Are they worth growing under glass in a country that has a brutal summer like ireland.
 where i plan to grow them gets about 7 hours direct light but temps and humidity will be quite good.

Another question i know im full of them but i may use my wilma 10 pot system to grow them in so is their anything i should know about using a hydro system in a greenhouse/conservatory? 
I presume i have to cover the res and pots as they are black and will turn into cookers in direct sunlight?

Well thats about it and thank you for enduring my many questions stay safe and happy.

gmt


----------



## SPEARCHUCKER (May 26, 2009)

Autos grow and are ready so quick. I dont think you would have many issues. Mold and such shouldnt really be a problem cause of that. 
Few strains I have read about like White Dwarf are listed as very durable. Excellent for beginners. Mainly because of not needing much care or anything. Being unattractive to bugs and resistance to mold.
I dont think you top them at all.

I have read that Auto Blueberry is difficult to mess with. And Auto Lemon Skunk is preferred over all other strains by spidermites along with being difficult to grow. 

Hope those ramblings help a little bit.

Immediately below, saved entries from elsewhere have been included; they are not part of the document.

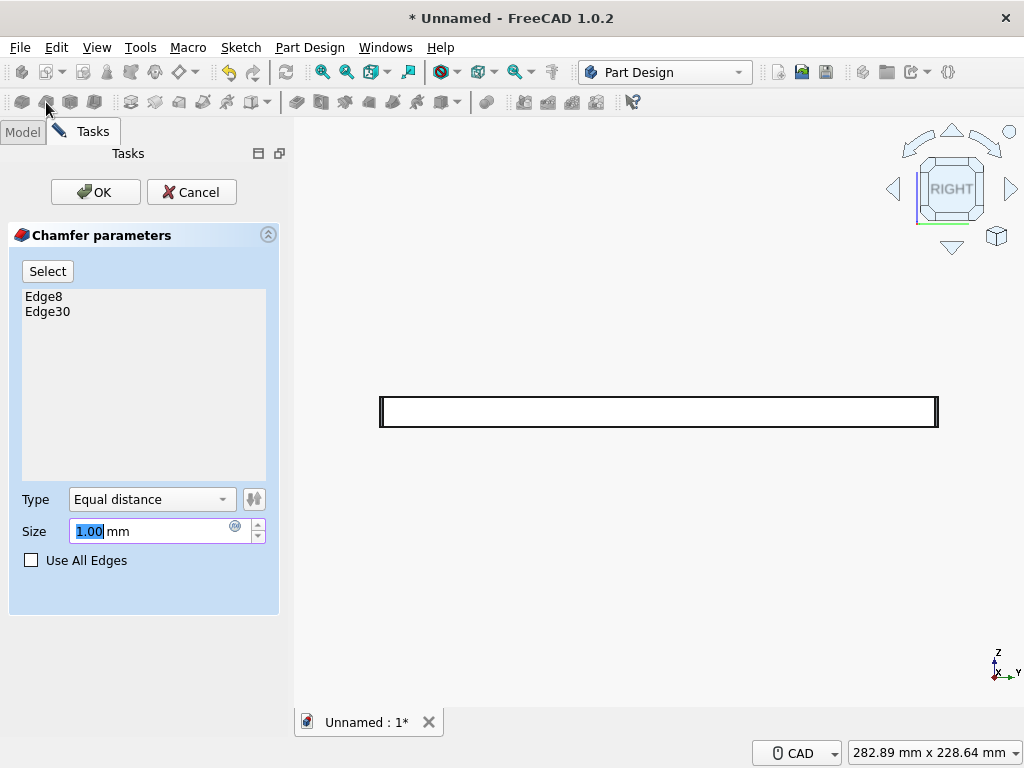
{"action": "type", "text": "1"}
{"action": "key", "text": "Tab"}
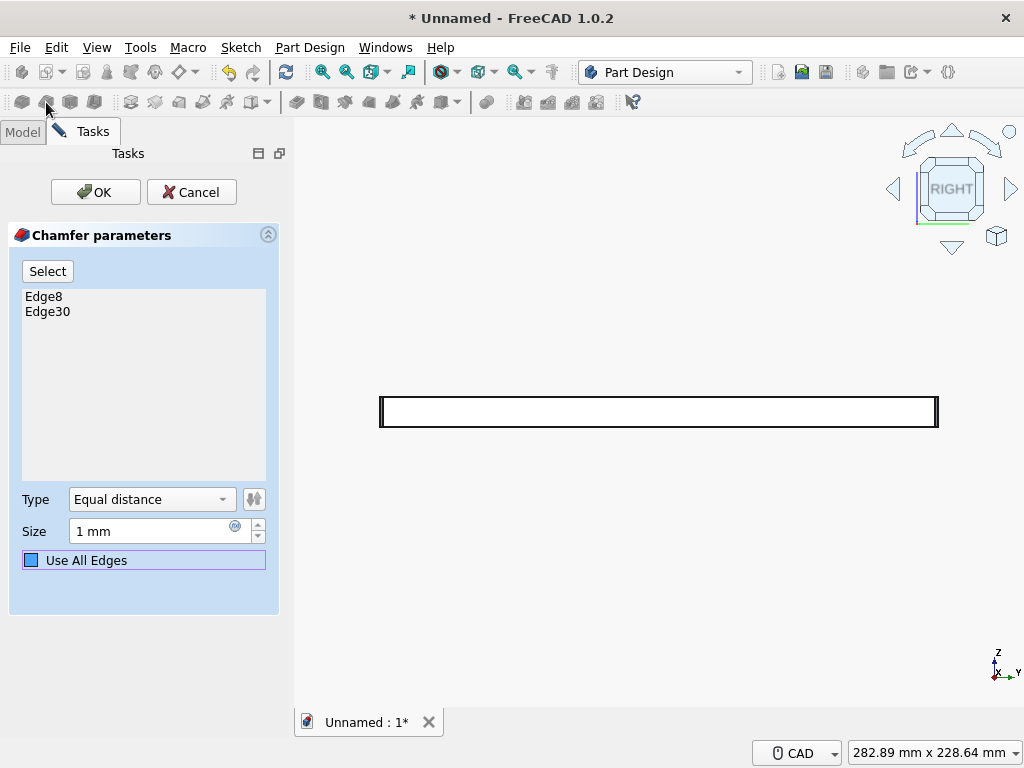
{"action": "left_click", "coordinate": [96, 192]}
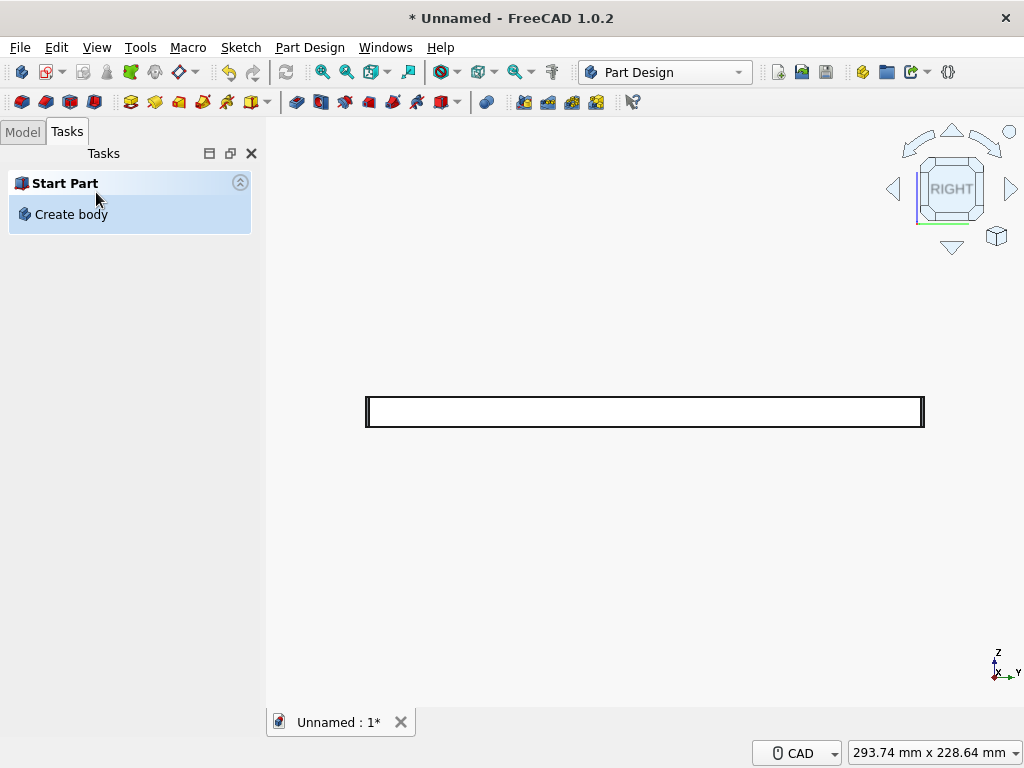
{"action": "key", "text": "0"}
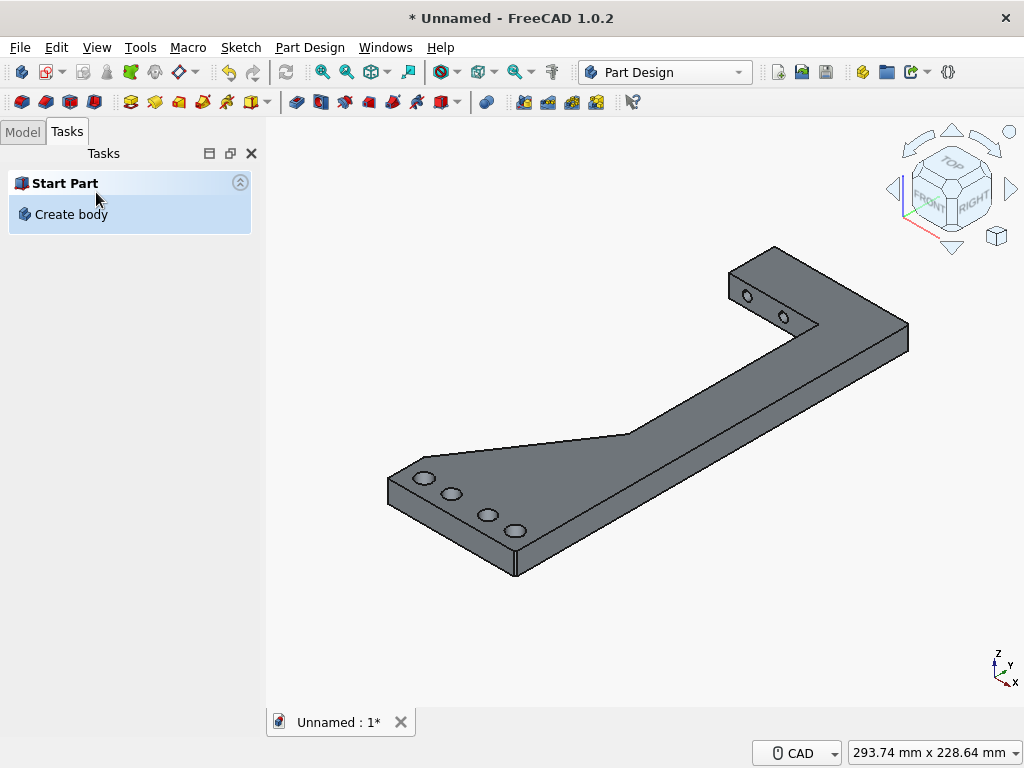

Few people around here are growing them outside. Might want to look around for their journals, ask them some questions.


----------



## UKgirl420 (May 26, 2009)

gmt check out hippy in englands thread 
http://www.marijuanapassion.com/forum/showthread.php?t=40840

i gre them last yr also in the uk summer didnt do bad either ,,,

not sure about hydo,,,,i grow in soil 

goodluck eace:


----------



## smokeup420 (May 27, 2009)

heyy yea i started one outside,(central us)it gets 10 hours or direct sunlight,when its sunny, it did god except it turned male on me,, im thinking it turned male cuz the nights were pretty cold...(temp affects sex right???)but other then that it grew big... yea not to sure about hydro, ima soil kinda guy lol, but yea i got 2 links below checkem out


----------



## GMT (May 27, 2009)

Temps do affect sex to some degree smoke but lower temps are generally considered to promote female plants.

Now before any body has a hissy fit i have neither the volume of plants/seeds or climate controlled room to prove this and am basing my opinion on thing i have read from the likes of cervantes and rosenthal among a few others.

Spear why would mould not be an issue due to the plants finishing so quickly?..are we talking about airy not so compact buds if grown outside.

So anyways i've decided on something called lowberry anybody got any grows of this strain under their belt


----------